There was a series of movies featuring Francis the talking mule.  Francis, speaking in a low pitched, scratchy Bill Clinton voice, shared his analytical knowledge to fix a perplexing dilemma.  He had all the answers and told the main character how to get himself out of bad predicaments.  I remember one where  Francis joined the army (they used mules back then) and another movie where he joined the WACS, the female branch of the army.   Take a gander at  these movies on Youtube.    

Those movies taught me, a kid in elementary school,  that mules were clever and a good friend—Francis always had good ideas.  He was a faithful friend.  He was strong and a fighter for justice. He was the Jesse Venture of Muledom.  Hollywood humanized a mule, the same as Disney humanized a mouse and a duck.  I was an impressionable and Hollywood had me hooked.

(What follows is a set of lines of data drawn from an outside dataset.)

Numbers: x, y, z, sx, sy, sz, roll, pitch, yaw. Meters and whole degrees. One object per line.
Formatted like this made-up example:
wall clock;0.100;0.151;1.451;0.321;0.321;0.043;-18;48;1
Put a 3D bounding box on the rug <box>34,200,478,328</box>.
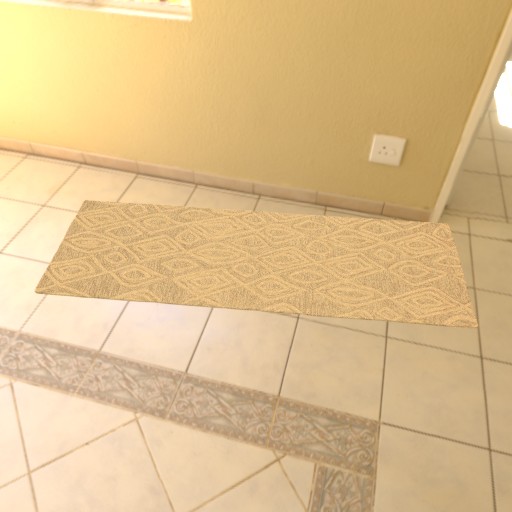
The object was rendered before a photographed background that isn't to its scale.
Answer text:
rug;0.000;0.000;2.673;2.436;0.013;0.807;4;48;4
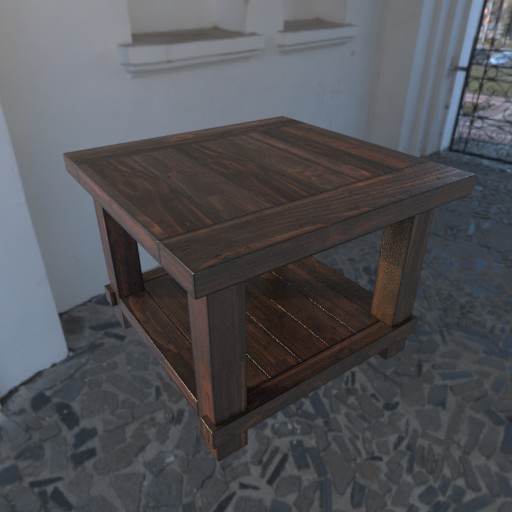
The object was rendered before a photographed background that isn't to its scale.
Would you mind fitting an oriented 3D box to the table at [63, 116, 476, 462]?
[{"bbox_3d":[0.000,0.000,1.009,0.606,0.437,0.593,-20,36,-30],"label":"table"}]
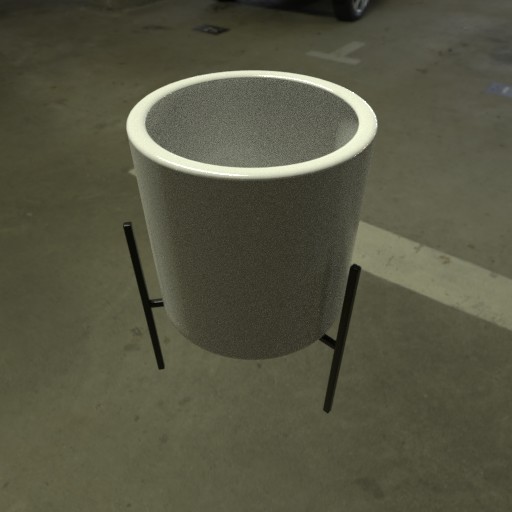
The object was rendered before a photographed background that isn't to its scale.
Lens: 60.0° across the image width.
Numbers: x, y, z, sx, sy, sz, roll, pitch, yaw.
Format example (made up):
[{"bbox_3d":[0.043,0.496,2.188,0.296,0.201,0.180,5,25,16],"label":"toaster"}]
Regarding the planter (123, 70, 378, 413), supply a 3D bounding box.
[{"bbox_3d":[0.000,0.000,0.515,0.239,0.356,0.239,12,43,13],"label":"planter"}]
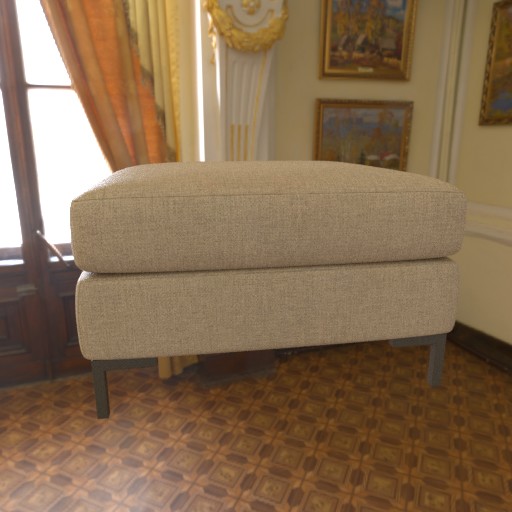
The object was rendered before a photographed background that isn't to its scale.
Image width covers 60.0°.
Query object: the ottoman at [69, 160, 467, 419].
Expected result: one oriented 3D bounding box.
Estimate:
[{"bbox_3d":[0.000,0.000,1.199,0.820,0.490,0.671,-2,15,-9],"label":"ottoman"}]

Later there was a television series featuring Mr. Ed, the talking horse.   Mr. Ed even managed to talk on the phone in one episode where his owner had a party line installed.  (We had those in the 50's, where you shared the line with other homes and knew the sound of your ring to answer.)  A Young Clint Eastwood starred in one of those shows.  He actually did a lot of speaking, different than the gun slinging cowboy in those spaghetti westerns.  YouTube has these, too.

Join me at my table, I have a surprise for you.  Donkey meat, will arrive and it is called musso, in Veneto, the dialect of the area surrounding Venice.  Musso is a specialty dish found in this region.  They cook it for hours, like a stew,  in a red sauce and then serve it on soft polenta.  When I have  guests stay at my home, I take them to a trattoria up in the hills so they have a chance to play Andrew Zimmern and choose Musso.  Most of them dive in with  great apprehension but come up smiling.  I have to admit that on a cold winter night it is a choice I would consider, but I try not to think of Francis and his descendants.

When tourists come to see Venice they usually stay for two days and then move on to Florence and Rome.  In this short time they want to know more about Venice and experience its beauty.  They want to experience the food of Venice.  They will see liver and onions on a menu , but I doubt they would choose that dish, nor cavallo, or musso,  all famous in Venice.   Maybe this post has helped you know a little more about the Veneto, and someday after your gondola ride you will brave the menu and try one of these specialties enjoyed by the people here.